From the entries below, gather every line containing the string "Units".

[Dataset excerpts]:
- Opening Delimiter -
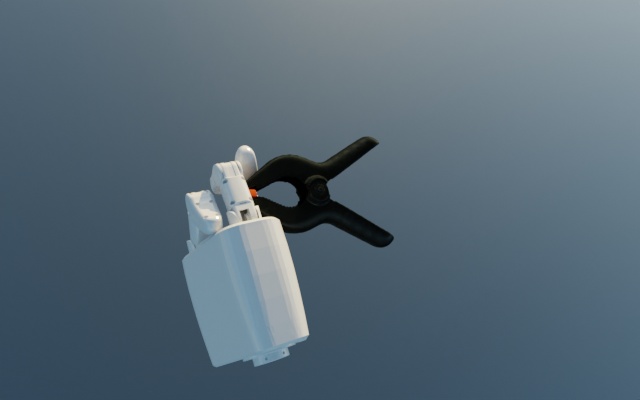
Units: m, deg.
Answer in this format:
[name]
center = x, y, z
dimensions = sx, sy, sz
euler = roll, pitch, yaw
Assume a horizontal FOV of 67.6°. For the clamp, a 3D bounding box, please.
[clamp]
center = 0.000, 0.001, 0.482
dimensions = 0.171, 0.120, 0.039
euler = -12, -14, -23
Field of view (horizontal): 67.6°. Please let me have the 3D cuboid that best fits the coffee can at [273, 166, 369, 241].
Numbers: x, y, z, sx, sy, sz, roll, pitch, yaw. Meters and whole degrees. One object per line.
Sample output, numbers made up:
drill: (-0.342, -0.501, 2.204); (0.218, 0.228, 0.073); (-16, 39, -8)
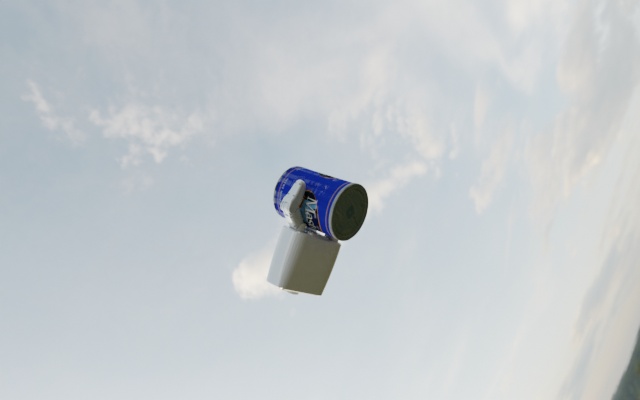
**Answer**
coffee can: (0.000, 0.003, 0.858); (0.140, 0.103, 0.103); (19, 12, 38)
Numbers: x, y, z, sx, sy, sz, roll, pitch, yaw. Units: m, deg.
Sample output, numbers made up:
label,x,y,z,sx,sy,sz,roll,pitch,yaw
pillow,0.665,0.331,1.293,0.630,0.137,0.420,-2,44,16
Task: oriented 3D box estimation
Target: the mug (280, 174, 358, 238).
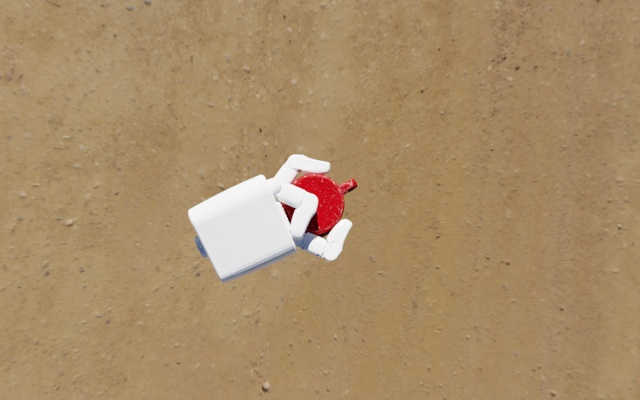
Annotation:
label,x,y,z,sx,sy,sz,roll,pitch,yaw
mug,0.001,0.002,0.673,0.117,0.093,0.081,-26,-3,-7
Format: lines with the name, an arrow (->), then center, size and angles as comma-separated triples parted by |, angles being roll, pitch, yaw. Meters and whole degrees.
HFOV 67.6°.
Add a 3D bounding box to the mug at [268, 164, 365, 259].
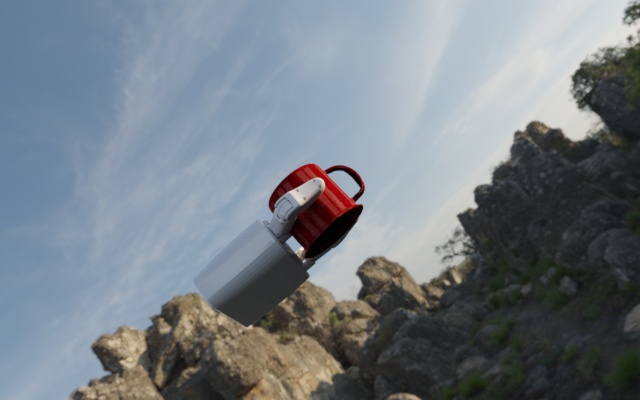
mug -> 0.001, 0.001, 0.581 | 0.117, 0.081, 0.093 | -41, -16, -7
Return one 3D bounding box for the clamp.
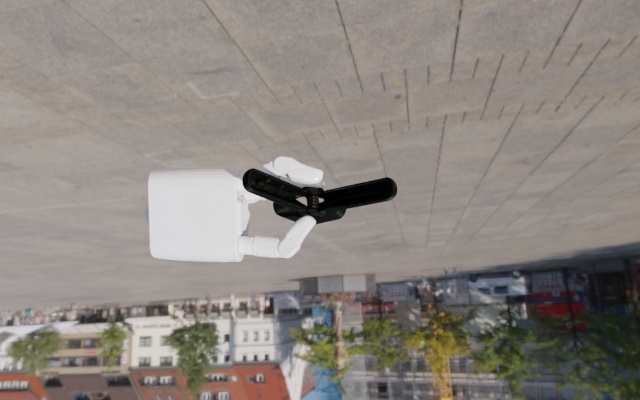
- Closing Delimiter -
[TASK RESPONSE]:
Units: m, deg.
Numbers: x, y, z, sx, sy, sz, roll, pitch, yaw. Units: m, deg.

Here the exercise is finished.